Complex lymphatic anomalies, which include a variety of diagnoses: lymphangiectasia, Central Conducting Lymphatic Anomaly (CCLA), Generalized Lymphatic Anomaly (GLA), Kaposiform Lymphangiomatosis (KLA), and Gorham Stout Disease (GSD), are chronically debilitating and often life-threatening diseases. Unfortunately, for most patients, physicians can offer only palliative care that requires multiple outpatient visits and hospital admissions. The absence of data on the molecular etiology, and lack of understanding of the underlying molecular mechanisms in lymphatic anomalies have greatly hampered further research and precision medicine focused clinical trials. Our long-term goal is to identify efficacious therapies for complex lymphatic anomalies. The objective of this application is to uncover novel disease-causing genes/mutations and use in vitro and in vivo models established in our previous studies to determine optimal treatment strategies. Our preliminary studies have revealed multiple genes converging on the Mitogen-Activated Protein Kinase (MAPK) signaling pathway and modeling mutations in cellular and zebrafish systems have recapitulated the essential morphological features seen in the lymphatic anomaly patients. We have found that a handful of MEK/ERK inhibitors showed the biochemistry and morphological reversal of the effects of mutations in RASopathy genes. This proposal will test the hypothesis that sequencing of highly informative patients referred by an integrated multidisciplinary lymphatic anomalies clinic will unveil novel RASopathy genes and mutations, and these can be rapidly interrogated through our established cellular and zebrafish models to further investigate the mutation phenotype spectrum effect and correlating molecular biomarkers.

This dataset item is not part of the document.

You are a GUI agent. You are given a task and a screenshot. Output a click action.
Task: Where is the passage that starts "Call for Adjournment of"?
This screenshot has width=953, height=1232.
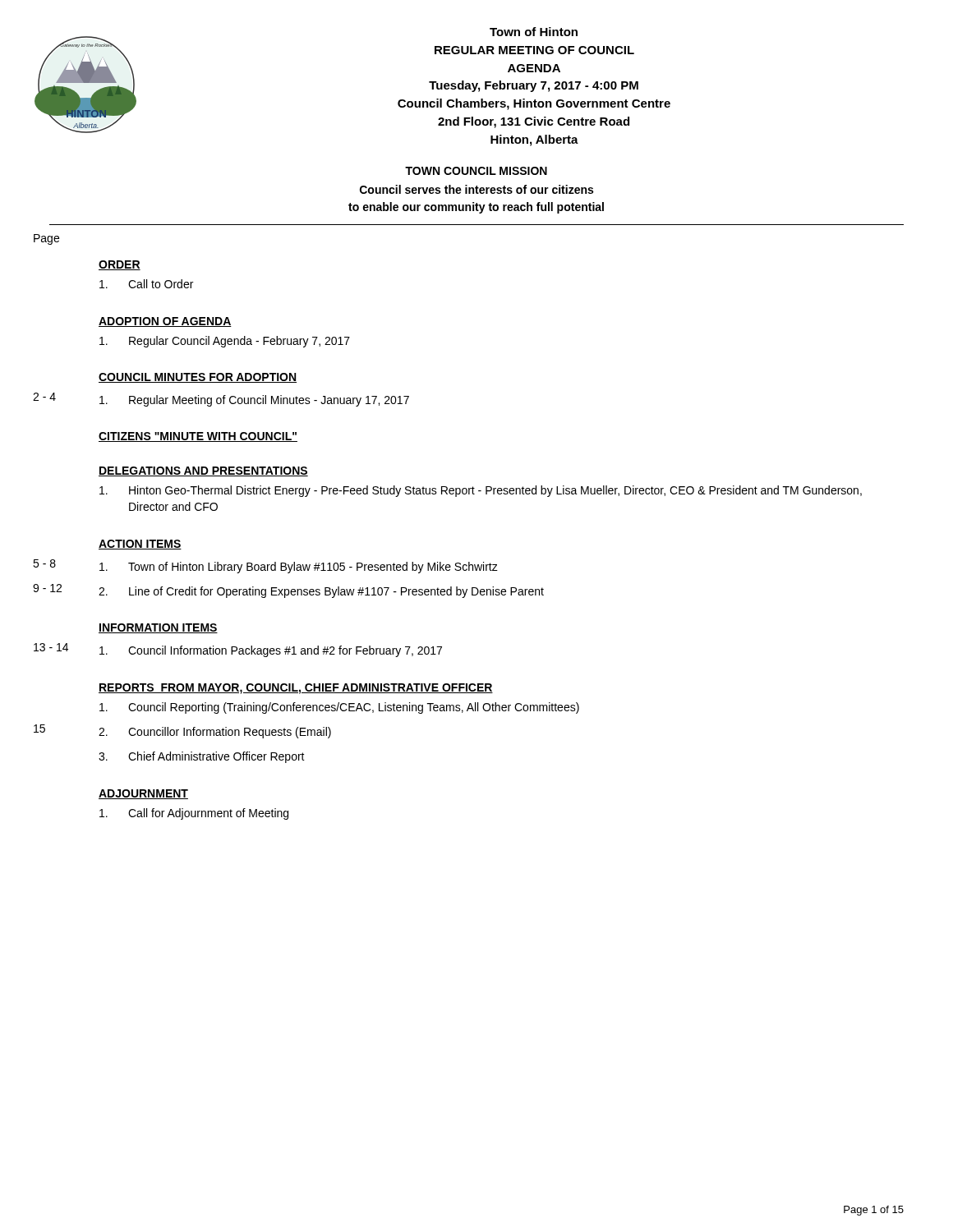click(x=194, y=814)

The specific aims of this proposal are to: 1) Discover additional RASopathy genes and mutations through exome sequencing of patients with complex lymphatic anomalies; 2) Delineate the molecular mechanisms of newly identified genes and mutations in cellular and zebrafish models; and 3) Leverage novel disease models for therapeutic rescue to explore potential future therapeutic targets for human disease. The results from these experiments will have a significant impact on the field because they will answer fundamental questions regarding the genetic etiology, molecular mechanisms, and treatment options, and most importantly, provide validated pre-clinical data for molecularly implemented precision-based therapies for clinical trials. This knowledge will significantly advance our understanding of different types of lymphatic anomalies.
We recently described a mutation in serine/threonine-protein kinase A-Raf (ARAF), which has led to a precise treatment for a CHOP patient with severe central conducting lymphatic anomaly. The purpose of this project is to uncover novel disease-causing genes/mutations and use in vitro and in vivo models to provide validated data for molecularly guided precision-based therapies for clinical trials on lymphatic anomaly. The proposed research is relevant to public health because it will facilitate clinical trial readiness through understanding of the molecular etiology and underlying molecular mechanisms of complex lymphatic anomalies.